Dating 2nd quarter of the 14th century
Earliest date 1325
Latest date 1350
The stole is sewn together from a total of eight different sized pieces of the same gold-weaved fabric. Most of the eagle designs were made of black silk, leaving only their round medallions framed with double rows of pearls. These alternate with a total of 68 appliqués in gold-plated sterling silver, which, like the long sides of the stole, are bordered by double pearl cords. All pearl strings and most of the appliqués are lined with parchment to protect the precious silk fabric. The emails in the appliques lie on several layers of precisely cut, described paper, which can be dated due to the characters in the 14th century.
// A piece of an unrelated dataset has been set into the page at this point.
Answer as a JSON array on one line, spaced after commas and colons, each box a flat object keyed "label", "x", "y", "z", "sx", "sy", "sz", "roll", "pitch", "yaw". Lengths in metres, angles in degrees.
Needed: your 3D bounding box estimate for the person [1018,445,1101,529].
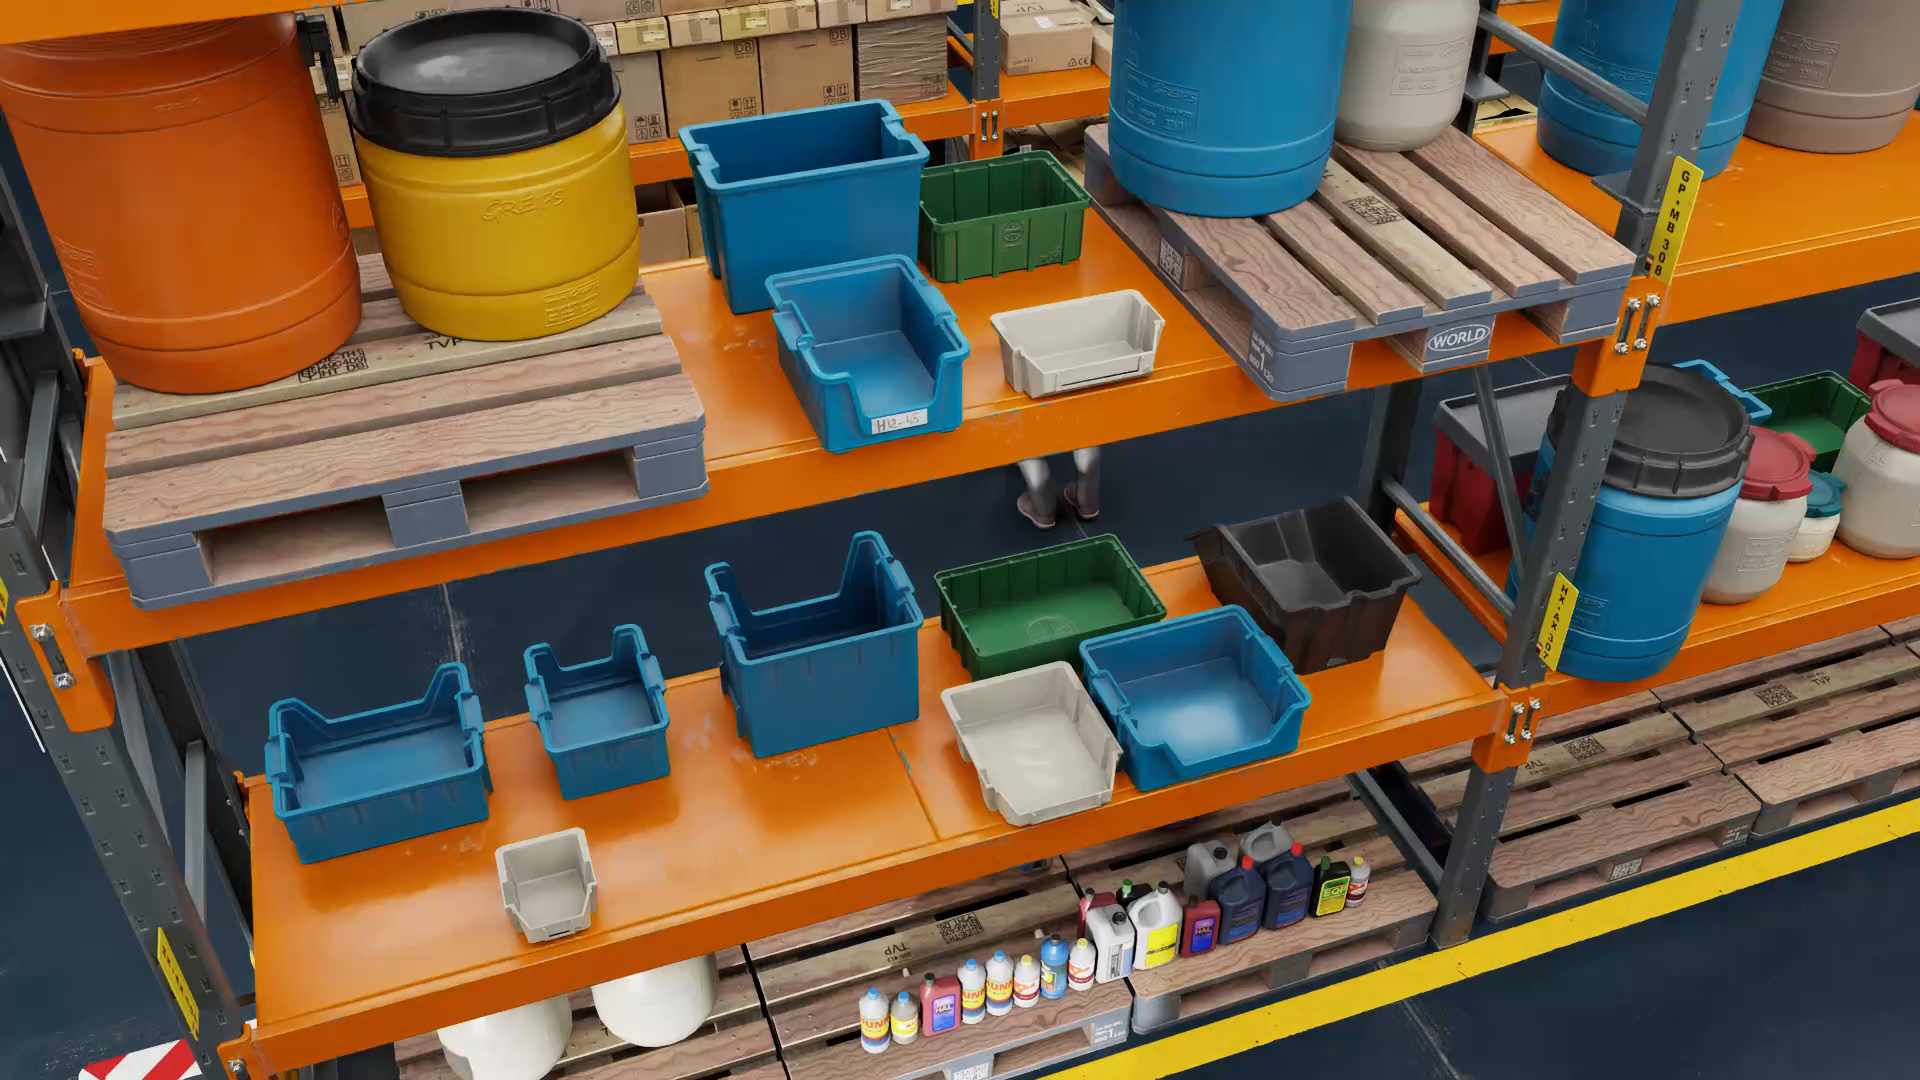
[{"label": "person", "x": 0.418, "y": -0.671, "z": 8.156, "sx": 0.429, "sy": 1.038, "sz": 0.876, "roll": -14, "pitch": 40, "yaw": -17}]

The stole seems to have been modeled after the well-damaged Norman precursor (or a Hohenstaufen intermediate) – possibly made for Ludwig the Bavarian. Noteworthy is their excessive length, which does not allow them to wear like a liturgical stole. So she seems to have worked on the example of the Loro, which was carried by the Byzantine emperor – imitated by the Normans in their garb. With the help of mosaic representations of Roger II and Wilhelm II in Palermo, the traditional way of wearing Loros around the shoulders and hips can be reconstructed, which also solves the riddle of the various pieces from which the Viennese stole is sewn together , When stitching together these pieces, the orientation of the eagles was taken into consideration, so that they always stand upright with correct winding. In any case, the memory of the imperial sash soon seems to have been lost; the stole was equated with that of the priesthood and crossed over in spite of excess length on the chest.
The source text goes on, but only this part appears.